• _Input for this task_:
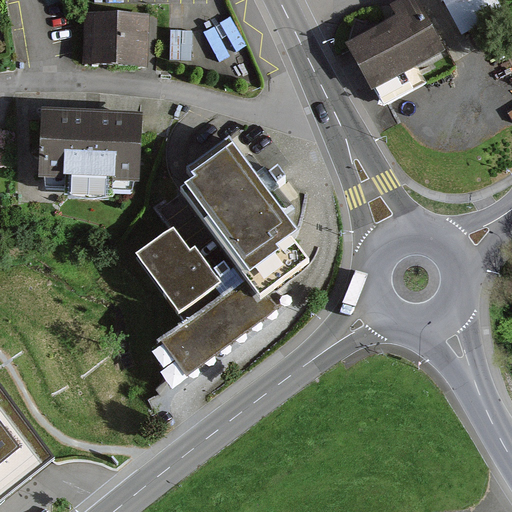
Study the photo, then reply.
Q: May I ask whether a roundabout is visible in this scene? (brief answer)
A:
Yes
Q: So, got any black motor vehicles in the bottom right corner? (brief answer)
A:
No
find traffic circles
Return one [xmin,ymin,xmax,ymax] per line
[336,204,488,364]
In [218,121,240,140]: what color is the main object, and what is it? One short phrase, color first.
black car
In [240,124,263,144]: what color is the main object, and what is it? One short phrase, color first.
black car
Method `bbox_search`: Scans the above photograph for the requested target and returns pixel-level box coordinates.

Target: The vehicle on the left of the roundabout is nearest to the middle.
[200,240,218,258]
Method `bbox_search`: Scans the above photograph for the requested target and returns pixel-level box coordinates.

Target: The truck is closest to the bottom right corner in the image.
[339,270,368,317]
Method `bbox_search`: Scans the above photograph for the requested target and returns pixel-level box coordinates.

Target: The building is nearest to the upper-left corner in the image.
[82,10,150,68]
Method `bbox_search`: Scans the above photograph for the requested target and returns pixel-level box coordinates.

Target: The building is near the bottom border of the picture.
[0,390,56,507]
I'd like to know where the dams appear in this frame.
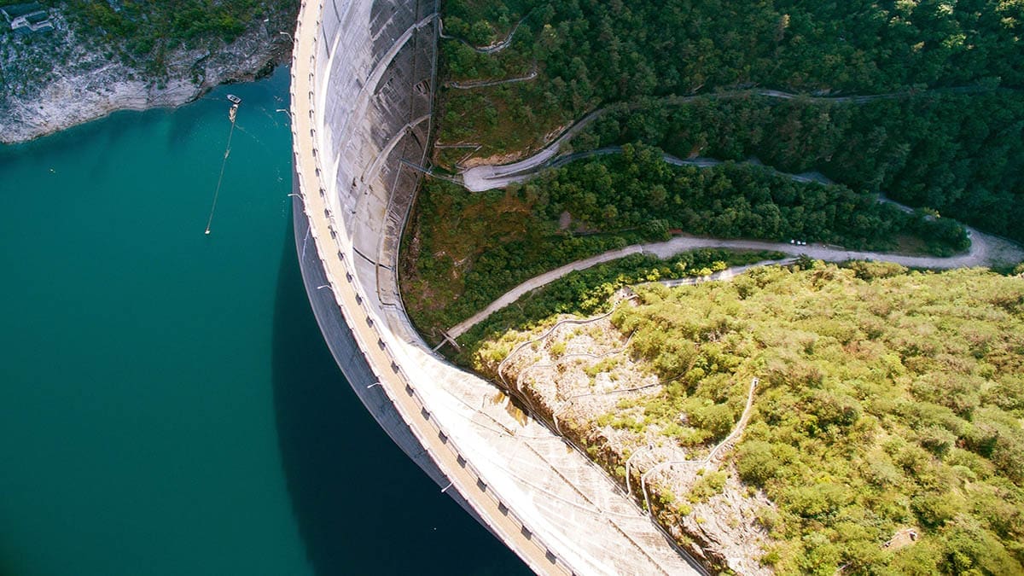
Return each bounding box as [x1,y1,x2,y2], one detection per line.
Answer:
[287,0,711,576]
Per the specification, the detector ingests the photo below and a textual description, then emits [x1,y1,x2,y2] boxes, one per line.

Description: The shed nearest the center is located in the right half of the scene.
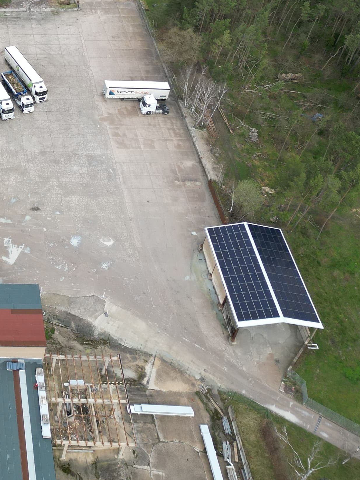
[200,223,323,345]
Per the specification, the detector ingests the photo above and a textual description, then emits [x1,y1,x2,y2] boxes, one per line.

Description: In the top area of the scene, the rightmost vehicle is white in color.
[140,94,171,114]
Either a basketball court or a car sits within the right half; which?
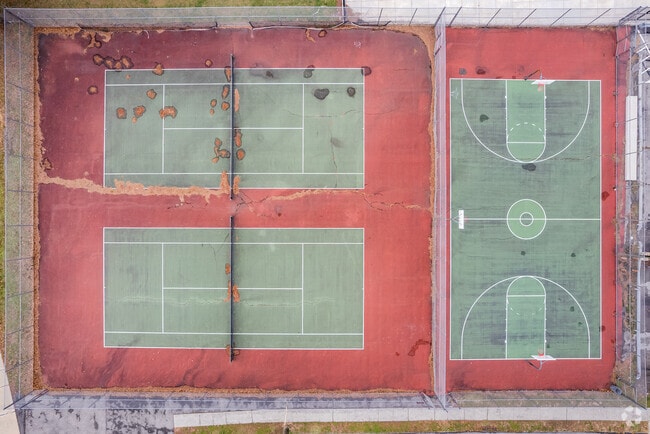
basketball court
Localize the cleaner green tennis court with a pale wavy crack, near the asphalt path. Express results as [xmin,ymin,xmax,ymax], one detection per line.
[103,228,364,350]
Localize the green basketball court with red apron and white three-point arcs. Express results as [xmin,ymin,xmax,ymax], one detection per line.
[435,27,632,391]
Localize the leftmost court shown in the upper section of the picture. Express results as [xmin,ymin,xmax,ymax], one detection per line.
[103,67,365,189]
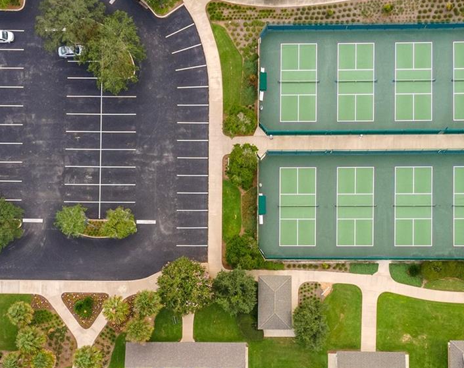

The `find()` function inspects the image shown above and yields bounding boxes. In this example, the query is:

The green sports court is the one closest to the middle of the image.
[278,167,319,245]
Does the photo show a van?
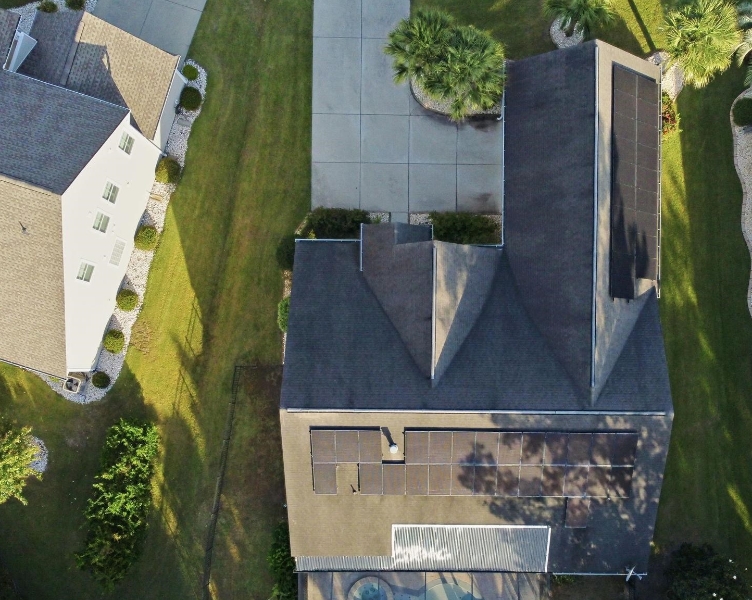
No
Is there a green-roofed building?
No
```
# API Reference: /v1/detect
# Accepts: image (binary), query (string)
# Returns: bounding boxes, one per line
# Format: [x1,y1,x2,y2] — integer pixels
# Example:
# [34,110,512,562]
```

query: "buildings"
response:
[280,40,672,575]
[0,4,199,384]
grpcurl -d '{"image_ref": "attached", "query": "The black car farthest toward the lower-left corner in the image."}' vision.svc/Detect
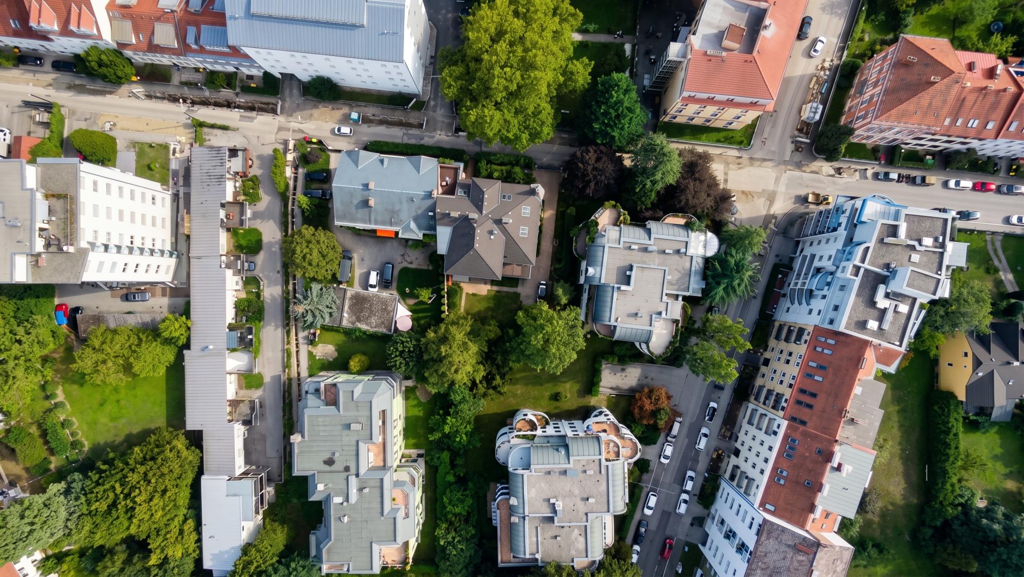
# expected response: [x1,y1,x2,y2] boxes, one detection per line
[72,306,85,330]
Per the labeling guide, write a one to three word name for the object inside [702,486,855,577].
building
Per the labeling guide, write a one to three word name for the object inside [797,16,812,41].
car
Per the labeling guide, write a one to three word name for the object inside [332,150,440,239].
house
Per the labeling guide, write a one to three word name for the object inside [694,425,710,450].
car
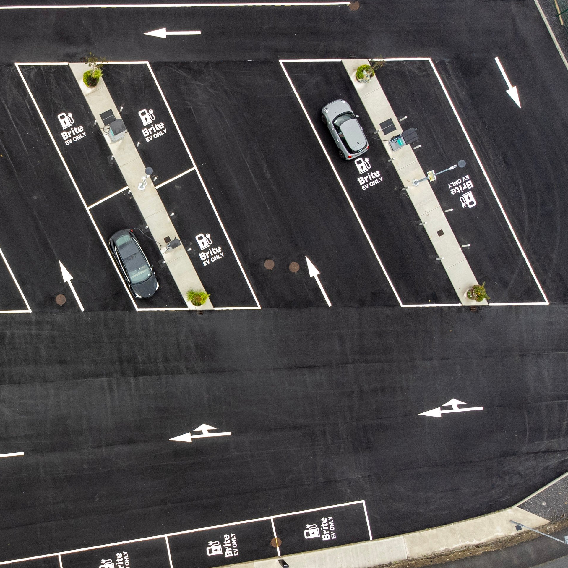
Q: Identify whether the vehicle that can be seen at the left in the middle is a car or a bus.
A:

• _Try it_:
Go to the line above holding "Target: The truck", then copy exactly each line down to and including the one holding "Per the specification, the detector ingests the photo above", leaving pictures out.

• _Solution for this exercise_:
Target: The truck is closest to the bottom right corner in the image.
[339,270,368,317]
Method `bbox_search`: Scans the above photograph for the requested target and returns pixel-level box coordinates.

Target: The building is nearest to the upper-left corner in the image.
[82,10,150,68]
Method `bbox_search`: Scans the above photograph for the requested target and returns pixel-level box coordinates.

Target: The building is near the bottom border of the picture.
[0,390,56,507]
I'd like to know where the dams appear in this frame.
Return each bounding box as [x1,y1,x2,y2], one detection per line.
Answer:
[287,0,711,576]
Per the specification, the detector ingests the photo below and a textual description, then emits [x1,y1,x2,y2] boxes, one per line.

Description: The shed nearest the center is located in the right half of the scene.
[200,223,323,345]
Per the specification, the detector ingests the photo above and a textual description, then emits [x1,y1,x2,y2] boxes, one per line.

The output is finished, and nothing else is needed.